Reproduce, exactly and in full, only the lines below from the one containing "For every layout" through the one containing "table_cell Vergaderjaar 2022-2023".

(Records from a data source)
####################

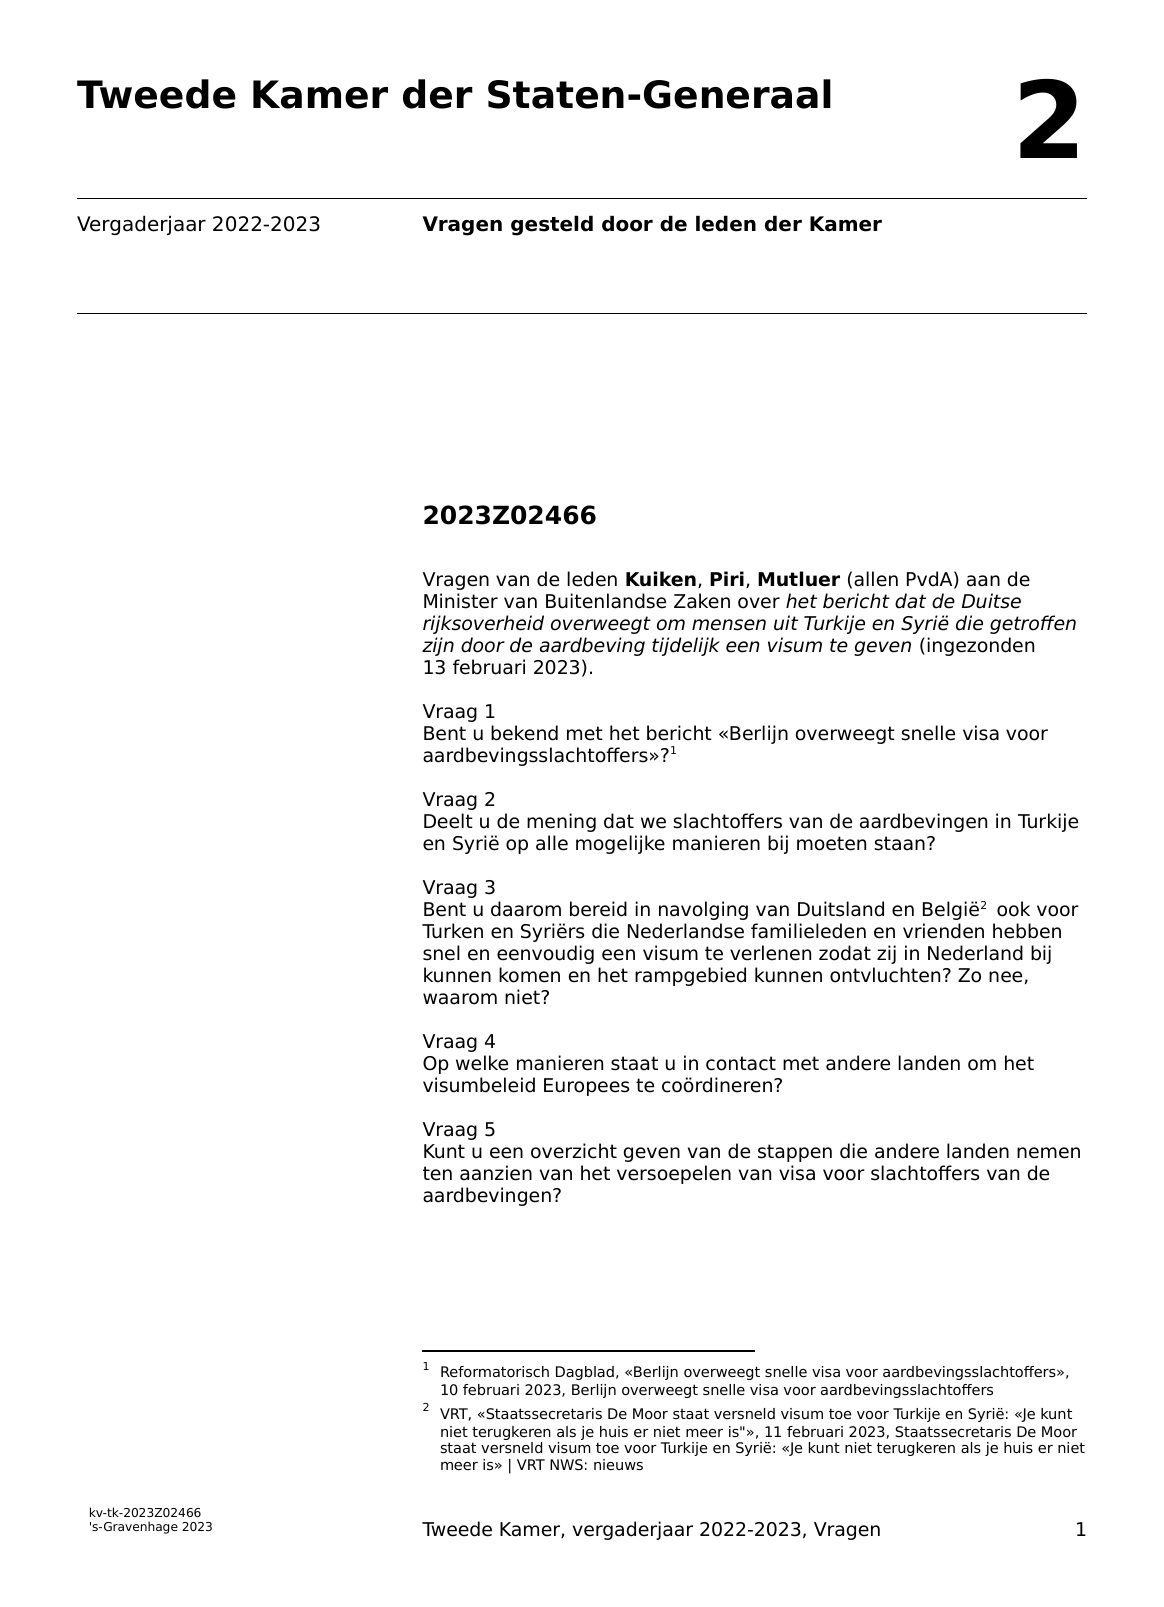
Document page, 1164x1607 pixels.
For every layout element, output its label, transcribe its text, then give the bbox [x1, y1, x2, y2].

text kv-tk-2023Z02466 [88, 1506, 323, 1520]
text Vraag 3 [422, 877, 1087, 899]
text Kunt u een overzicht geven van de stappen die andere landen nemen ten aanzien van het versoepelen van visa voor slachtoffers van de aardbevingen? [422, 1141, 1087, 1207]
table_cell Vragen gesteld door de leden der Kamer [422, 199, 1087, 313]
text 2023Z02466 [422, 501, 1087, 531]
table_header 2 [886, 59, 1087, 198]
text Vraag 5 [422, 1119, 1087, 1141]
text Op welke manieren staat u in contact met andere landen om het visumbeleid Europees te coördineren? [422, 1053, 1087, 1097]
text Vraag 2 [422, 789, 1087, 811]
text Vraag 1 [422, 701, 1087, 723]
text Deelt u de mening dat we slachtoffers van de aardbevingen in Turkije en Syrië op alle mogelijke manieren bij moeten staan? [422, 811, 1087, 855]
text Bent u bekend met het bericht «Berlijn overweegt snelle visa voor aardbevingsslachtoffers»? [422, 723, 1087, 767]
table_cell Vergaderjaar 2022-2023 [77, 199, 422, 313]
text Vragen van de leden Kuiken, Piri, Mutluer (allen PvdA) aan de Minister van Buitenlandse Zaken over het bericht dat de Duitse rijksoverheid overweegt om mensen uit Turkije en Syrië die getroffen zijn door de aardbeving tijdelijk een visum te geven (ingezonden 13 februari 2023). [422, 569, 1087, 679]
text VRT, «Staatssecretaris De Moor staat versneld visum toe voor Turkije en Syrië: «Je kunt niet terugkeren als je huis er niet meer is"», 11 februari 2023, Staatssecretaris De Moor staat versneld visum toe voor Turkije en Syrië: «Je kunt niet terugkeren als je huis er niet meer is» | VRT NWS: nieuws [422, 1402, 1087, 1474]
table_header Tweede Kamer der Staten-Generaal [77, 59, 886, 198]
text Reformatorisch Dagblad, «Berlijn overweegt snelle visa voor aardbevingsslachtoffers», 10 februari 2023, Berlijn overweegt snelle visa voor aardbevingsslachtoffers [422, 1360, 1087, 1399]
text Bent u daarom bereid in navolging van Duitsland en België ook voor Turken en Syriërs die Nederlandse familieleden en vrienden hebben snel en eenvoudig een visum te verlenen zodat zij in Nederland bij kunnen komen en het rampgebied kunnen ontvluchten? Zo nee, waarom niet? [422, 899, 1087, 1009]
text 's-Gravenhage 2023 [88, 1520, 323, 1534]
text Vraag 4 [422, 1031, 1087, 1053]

####################

# Answer to this task:
For every layout element, output its label, transcribe its text, then give the bbox [x1, y1, x2, y2].

text kv-tk-2023Z02466 [88, 1506, 323, 1520]
text Vraag 3 [422, 877, 1087, 899]
text Kunt u een overzicht geven van de stappen die andere landen nemen ten aanzien van het versoepelen van visa voor slachtoffers van de aardbevingen? [422, 1141, 1087, 1207]
table_cell Vragen gesteld door de leden der Kamer [422, 199, 1087, 313]
text 2023Z02466 [422, 501, 1087, 531]
table_header 2 [886, 59, 1087, 198]
text Vraag 5 [422, 1119, 1087, 1141]
text Op welke manieren staat u in contact met andere landen om het visumbeleid Europees te coördineren? [422, 1053, 1087, 1097]
text Vraag 2 [422, 789, 1087, 811]
text Vraag 1 [422, 701, 1087, 723]
text Deelt u de mening dat we slachtoffers van de aardbevingen in Turkije en Syrië op alle mogelijke manieren bij moeten staan? [422, 811, 1087, 855]
text Bent u bekend met het bericht «Berlijn overweegt snelle visa voor aardbevingsslachtoffers»? [422, 723, 1087, 767]
table_cell Vergaderjaar 2022-2023 [77, 199, 422, 313]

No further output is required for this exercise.